The about-face pushed the Australian dollar down 1.62 per cent against the U.S. dollar, putting it on track for its biggest daily drop since November 2016. In turn, the U.S. dollar moved higher against a basket of major currencies.
“We are starting to see central banks follow Powell’s lead,” said Chris Gaffney, president of world markets at TIAA Bank in St. Louis. “That’s what’s actually contributed to this dollar rally that we have seen recently.”
The dollar index, which tracks the greenback against six major currencies, rose 0.32 per cent. The euro was down 0.42 per cent to $1.1364. The index was on pace for a fifth day of gains.

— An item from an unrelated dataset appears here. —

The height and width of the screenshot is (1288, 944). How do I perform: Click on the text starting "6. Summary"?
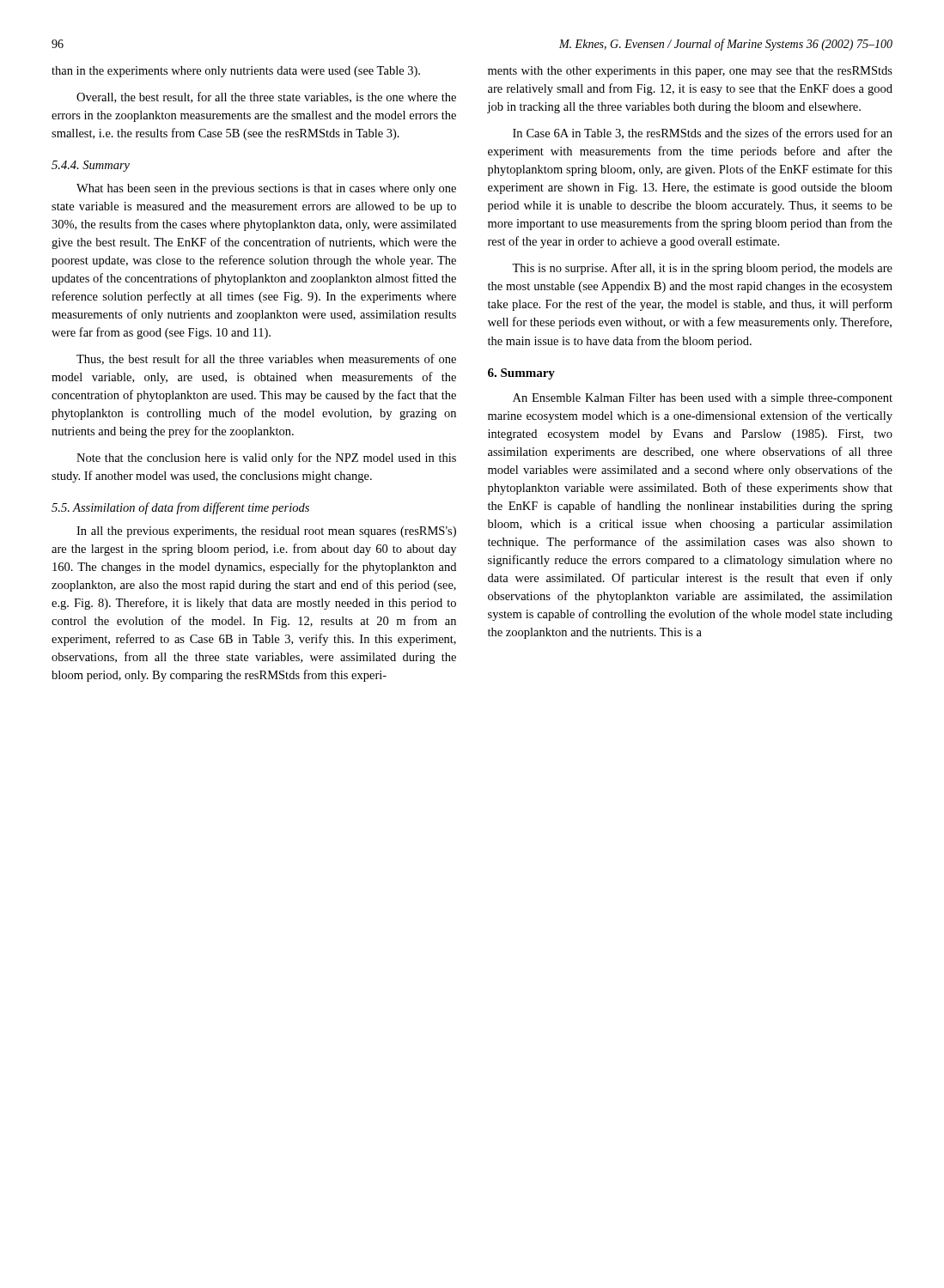(521, 374)

Canada’s main stock index finished flat on Wednesday, as marijuana stocks dragged the health care sector lower and Bank of Canada’s comment that U.S. trade policies were holding back Canadian investments weighed on the market sentiment.
The Toronto Stock Exchange’s S&P/TSX Composite index was unofficially up 9.62 points, or 0.06 per cent, at 15,729.56.
Six of the index’s 11 major sectors were down, with the health care sector dropping 3.5 per cent.
Cronos Group Inc. lost 9.7 per cent, while Aphria Inc. and Canopy Growth Corp. dipped 9 per cent and 3.7 per cent, respectively. Both materials and utilities sectors were up 0.6 per cent.
Leading the index were ATS Automation Tooling Systems Inc., up 17.3 per cent, Ivanhoe Mines Ltd., up 13.1 per cent, and Chemtrade Logistics Income Fund, higher by 6.5 per cent.
Uncertainty over U.S. trade policies is holding back Canadian business investment despite strong economic fundamentals, helping temporarily slow growth, a deputy governor of the Bank of Canada said on Wednesday.
Timothy Lane also pointed to lower oil prices and a softening housing market as factors hindering growth, in contrast to the U.S. economy, which is powering ahead on the effects of stimulus.
“The past year has seen an important change in the relative performance of the two economies, despite the fact that the Canadian economy is generally in a good place,” Lane said in a speech on foreign reserves management to a gathering of economists in Washington, D.C.
He noted the Bank had raised interest rates by a cumulative 1.25 per centage points since July 2017 but did not address whether further hikes would be needed. The central bank stayed on the sidelines on Jan. 9 and market traders expect it to hold rates steady once again on March 6.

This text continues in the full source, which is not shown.